What to work on –
The job is to find each line of the records below that includes the word "String" and copy it.

Entries provided –
=== Section Start ===

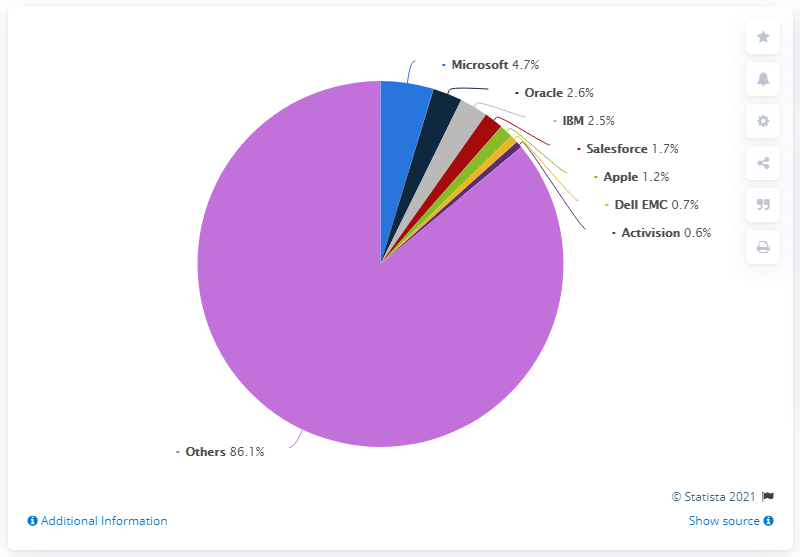Point out several critical features in this image. The pie chart shows the dominance of light purple color segment. Microsoft accounted for approximately 4.7% of the software industry in the year ending June 2019. The quotient when "Others" is divided by Microsoft's market share is 18.31. 
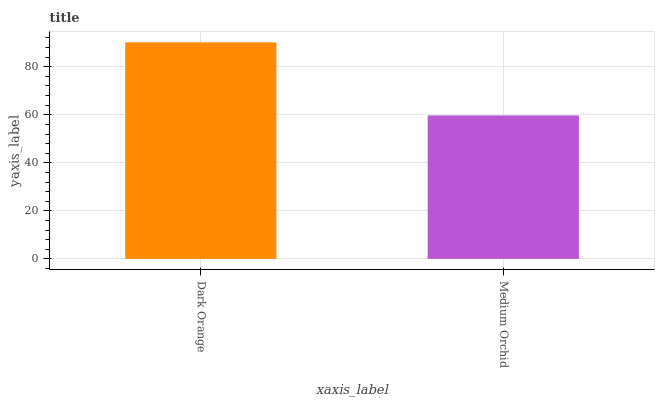Is Medium Orchid the minimum?
Answer yes or no. Yes. Is Dark Orange the maximum?
Answer yes or no. Yes. Is Medium Orchid the maximum?
Answer yes or no. No. Is Dark Orange greater than Medium Orchid?
Answer yes or no. Yes. Is Medium Orchid less than Dark Orange?
Answer yes or no. Yes. Is Medium Orchid greater than Dark Orange?
Answer yes or no. No. Is Dark Orange less than Medium Orchid?
Answer yes or no. No. Is Dark Orange the high median?
Answer yes or no. Yes. Is Medium Orchid the low median?
Answer yes or no. Yes. Is Medium Orchid the high median?
Answer yes or no. No. Is Dark Orange the low median?
Answer yes or no. No. 
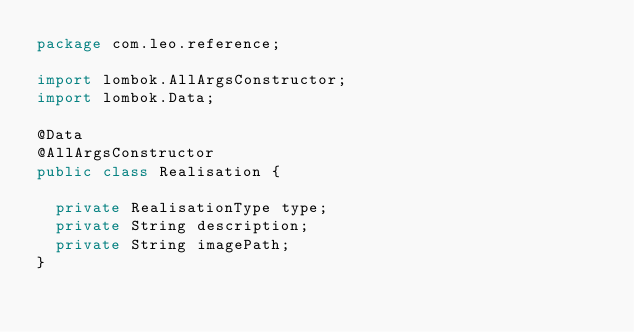<code> <loc_0><loc_0><loc_500><loc_500><_Java_>package com.leo.reference;

import lombok.AllArgsConstructor;
import lombok.Data;

@Data
@AllArgsConstructor
public class Realisation {

	private RealisationType type;
	private String description;
	private String imagePath;
}
</code> 
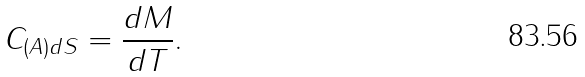<formula> <loc_0><loc_0><loc_500><loc_500>C _ { ( A ) d S } = \frac { d M } { d T } .</formula>

=== Section End ===

Task result –
	private String description;
	private String imagePath;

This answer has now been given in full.